Dans la conception de Bourdieu, comme pour Barth ou Fanon, les « dominés » se voient obligés de façonner leur identité et de mettre en scène des catégories selon les définitions proposées par la société, qui est caractérisée par des rapports sociaux de domination. Il écrit que les dominés :

« n’ont pas d’autre choix que l’acceptation (résignée ou provocante, soumise ou révoltée, etc.) de la définition dominante de leur identité ou la recherche de l’assimilation qui suppose un travail visant à faire disparaître tous les signes propres à rappeler le stigmate (dans le style de vie, le vêtement, la prononciation, etc.) et à proposer, par des stratégies de dissimulation ou de bluff, l’image de soi la moins éloignée possible de l’identité légitime » (Bourdieu 1980b : 66).

Comme Fanon (1952), Bourdieu affirme que les catégories et les identifications à celles-ci ne peuvent que difficilement dévier du cadre posé par les dominants, cadre auquel on ne peut que réagir. Il est difficile de subvertir les catégories de genre « homme » ou « femme », par exemple, puisque la saillance de ces catégorisations et de leurs représentations sociales est fortement inculquée par le monde social. Judith Butler (2005) démontre le poids des structurations normatives des catégorisations de genre et de sexualité, qui sont socialement présentées comme universelles et inséparables, comme des identités que l’on est considéré

être de manière intransigeante et non pas que l’on est considéré avoir ou pouvoir mettre en scène de manière différente, indifférente ou transitoire. Et ce alors que l’ambivalence des

catégories de genre, comme celles de « race », se décèle par le transvestisme, qui interroge les liens normatifs entre corps et genre, ou encore par l’homosexualité, qui interroge les liens normatifs entre genre et sexualité.

Ainsi, tous ces règles et rôles normatifs qui structurent les contextes sociaux limitent des possibilités d’action, d’adopter des rôles sociaux ou des catégorisations légitimes dans des contextes donnés, selon le positionnement de l’acteur social dans les rapports sociaux de pouvoir. Francesca Scrinzi écrit par exemple que « la ‘race’ est inaccessible aux stratégies des individus. En fait, le contexte structurel global ne laisse pas aux individu-e-s dominé-e-s le choix de s’identifier à ce qu’ils/elles veulent mais leur impose un éventail limité de possibilités toujours marquées par l’idée de leur différence » (Scrinzi 2008 : 89). Ces difficultés socio-structurelles de s’échapper à son étiquette ethnique ont également été observées dans des recherches empiriques conduites à Tahiti (Schuft 2007). Il faut néanmoins préciser que le cadre socio-structurel et structurant s’applique également aux individus classés dans des catégories dominantes, même si celles-ci sont globalement plus avantageuses en termes de pouvoir ou statut sociaux. La volonté d’un seul individu ne suffit pas pour faire évoluer ni les rapports de domination structurels, ni les formes de catégorisations ou leurs appellations et représentations qui s’y créent.

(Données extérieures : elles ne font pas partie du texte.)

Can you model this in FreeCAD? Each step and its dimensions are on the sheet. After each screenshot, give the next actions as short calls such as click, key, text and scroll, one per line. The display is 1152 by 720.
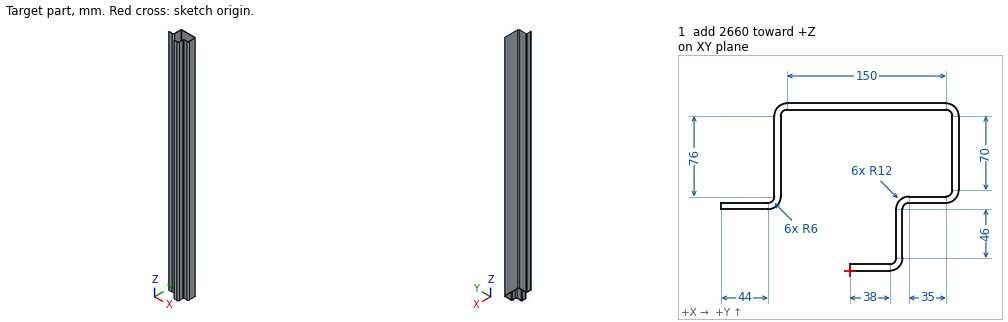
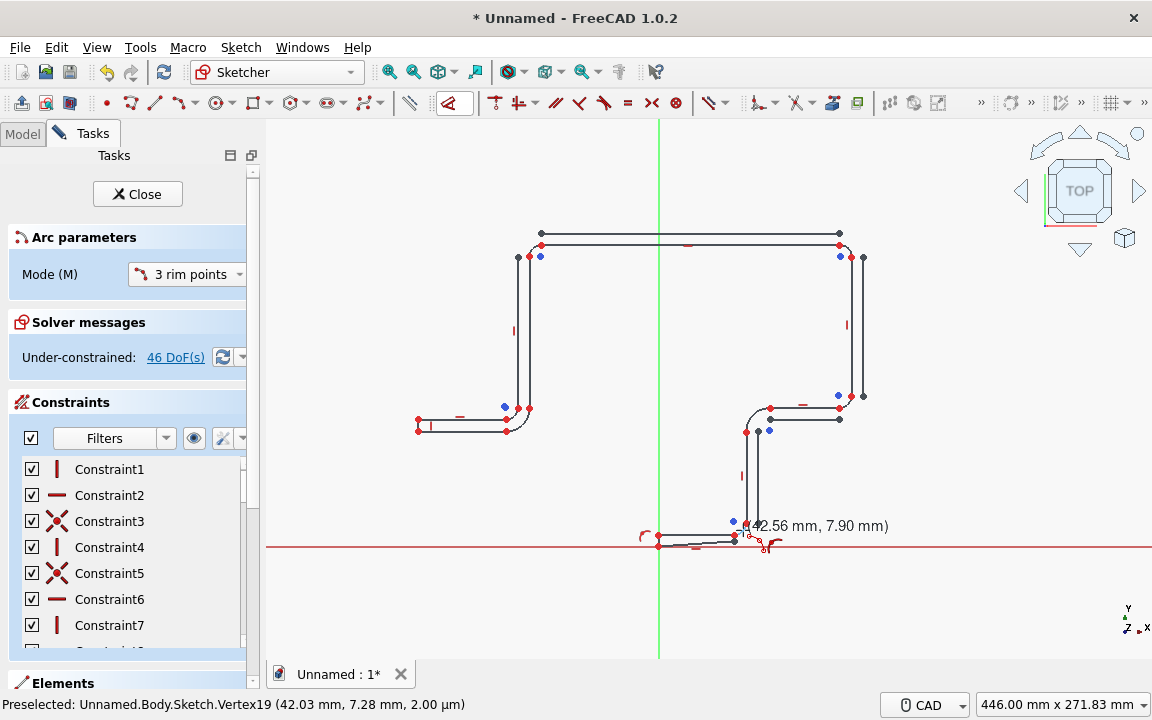
scroll(734, 547, up, 2)
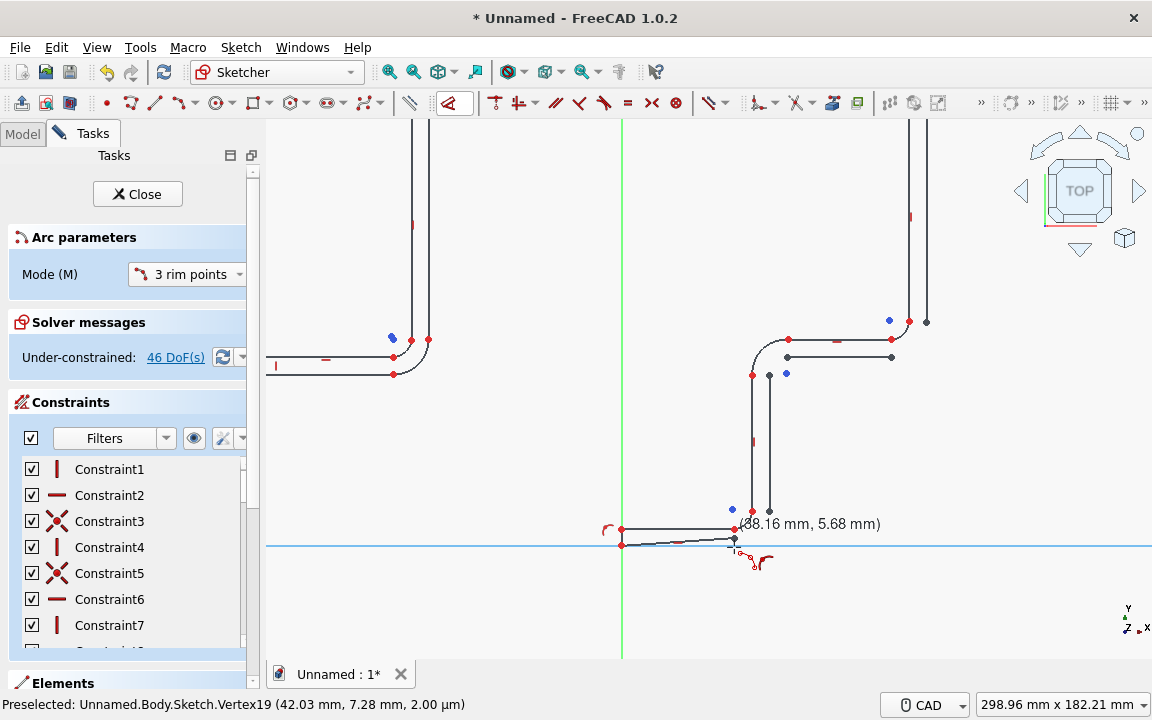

Ces visions et schémas sociologiques différents s’accordent sur le fait que l’acteur social joue des rôles au sein de limites sociales, dont la structure et les pratiques habituelles et normatives, et son positionnement en leur sein, auront été intériorisés au fur et à mesure de sa participation aux situations sociales. L’acteur social est ainsi limité par la panoplie de « rôles » à sa disposition, dépendant des catégories qui lui sont attribuées et de son positionnement et sense of place dans la société. Les choix sur le marché matrimoniaux sont influencés par ces positionnements de l’acteur social dans la société, dont les forces de

catégorisation et de hiérarchisation influent sur ses possibilités de rôle social à jouer, sur les personnes avec qui il participera dans des mises en scène de la vie sociale, et sur sa conception intériorisée des candidats « acceptables » comme conjoint.